The pills were laid out. Four different prescriptions, over fifty pills to consume. I had hit my limit with the growing darkness in my mind. The voices were too loud to ignore, and I followed their guide. I wasn’t afraid to die, I was scared to keep living. Every day is full of pain, physical and mental pain, swallowing me into a deep dark pit. I couldn’t see the light anymore. Why would I stay? Why keep fighting? Would anyone even care if I was gone? The voices sure didn’t think so, they told me I didn’t matter, nothing good was coming, and everything will just continue to get worse.

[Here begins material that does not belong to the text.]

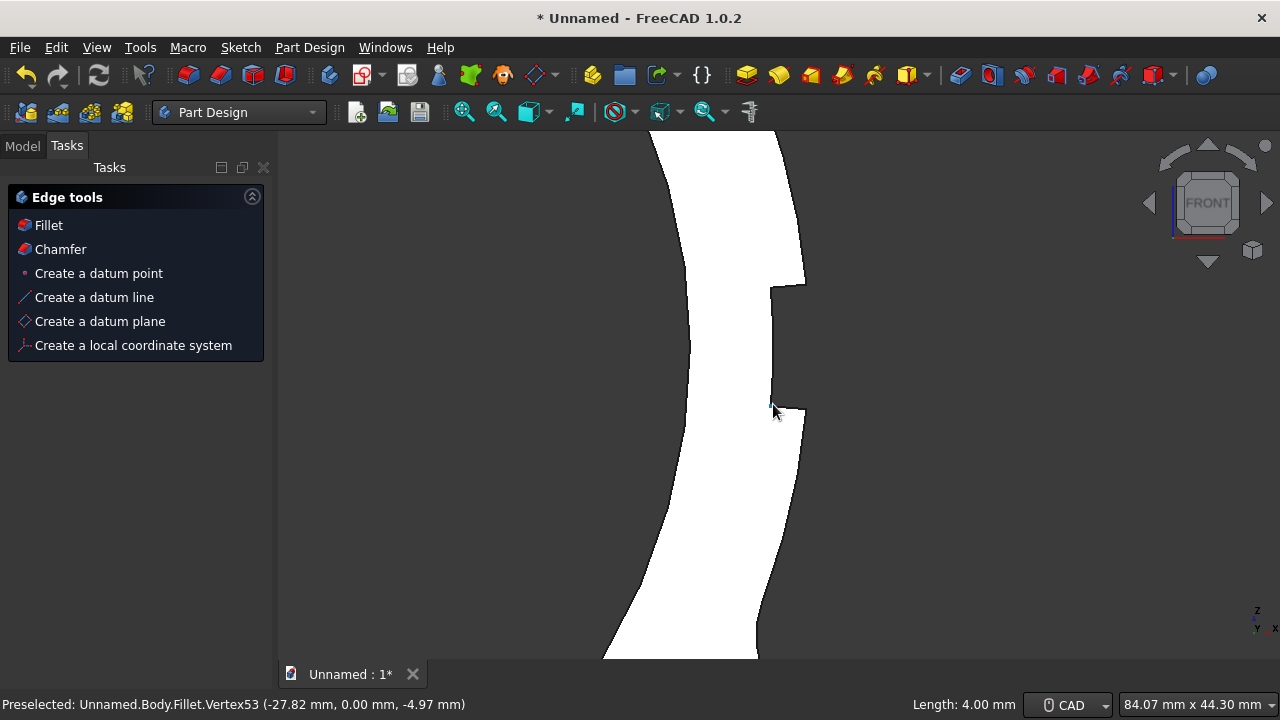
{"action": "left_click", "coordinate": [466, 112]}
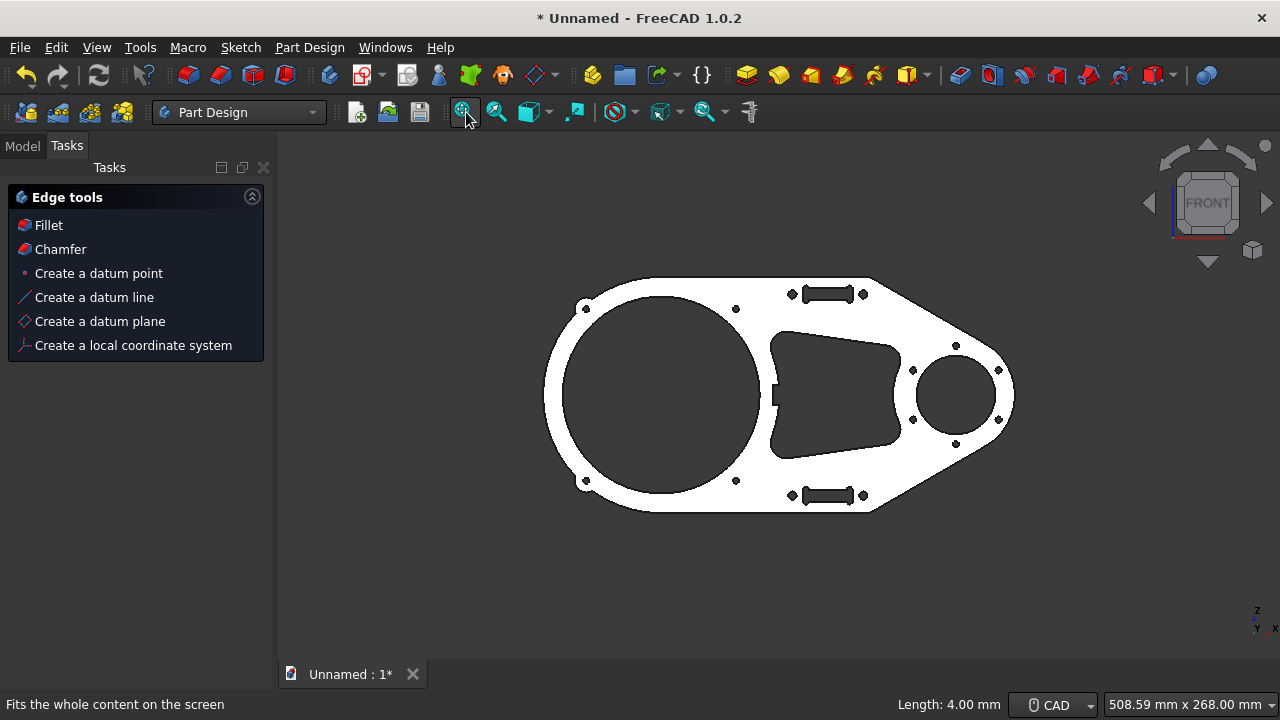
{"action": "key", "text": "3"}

This isn’t the first time I gave into these voices. They have pulled me down before. They have been present for years now. They are as much a part of me, and quite frankly, becoming synchronized with my soul. The voices come to me in a faint whisper brushing the outskirts of my subconscious thought. Other times, the voices hit my forethought like a thirty foot wave. They destroy every peaceful consideration I have, roaring at me with the predatory skill of a lion prepared to attack. They grumble like my stomach when I stop eating. The longer I wait to eat, the louder it gets. Well, I hadn’t fed the voices for a while, so they were snarling like a hangry lioness.
As I stood in my eerily quiet kitchen, filling my water glass, I listened to the voices. Their guttural taunting and devious intentions pushing out their depravities, while grabbing the inner core and far reaches of my mind, screeching their foul demeanor… hollering, “Just do it!”

Then I heard a soft melodic lull, a different voice, the voice of a siren, from upstairs.

“Mommy?”

I jumped at the sound of a real voice. My child had woken up from a nightmare and was calling for me. I walked around the corner to see her sleepy face and arms stretched toward me. I walked up to her and held her tight. She gripped onto me like she was a newborn baby. I picked her up and carried her into my room and laid her down in my bed. As I turned to walk out the door she asked, “Will you come back and lay with me?”

I had a plan, but my plan changed. Call it divine intervention, or just good timing. With one word, my daughter saved me from the voices that night. They are back to a whisper now, and will help hopefully I can keep them there. I keep the voices at bay, but they are always present, attempting to whisk me into an eternal slumber, where pain and misery are hushed. My children silence them. They remind me why I am important, and moreover, why I am needed in this life. Life is precious, and what we do with it, or how we live in it, is a choice even when it feels that you have no choice.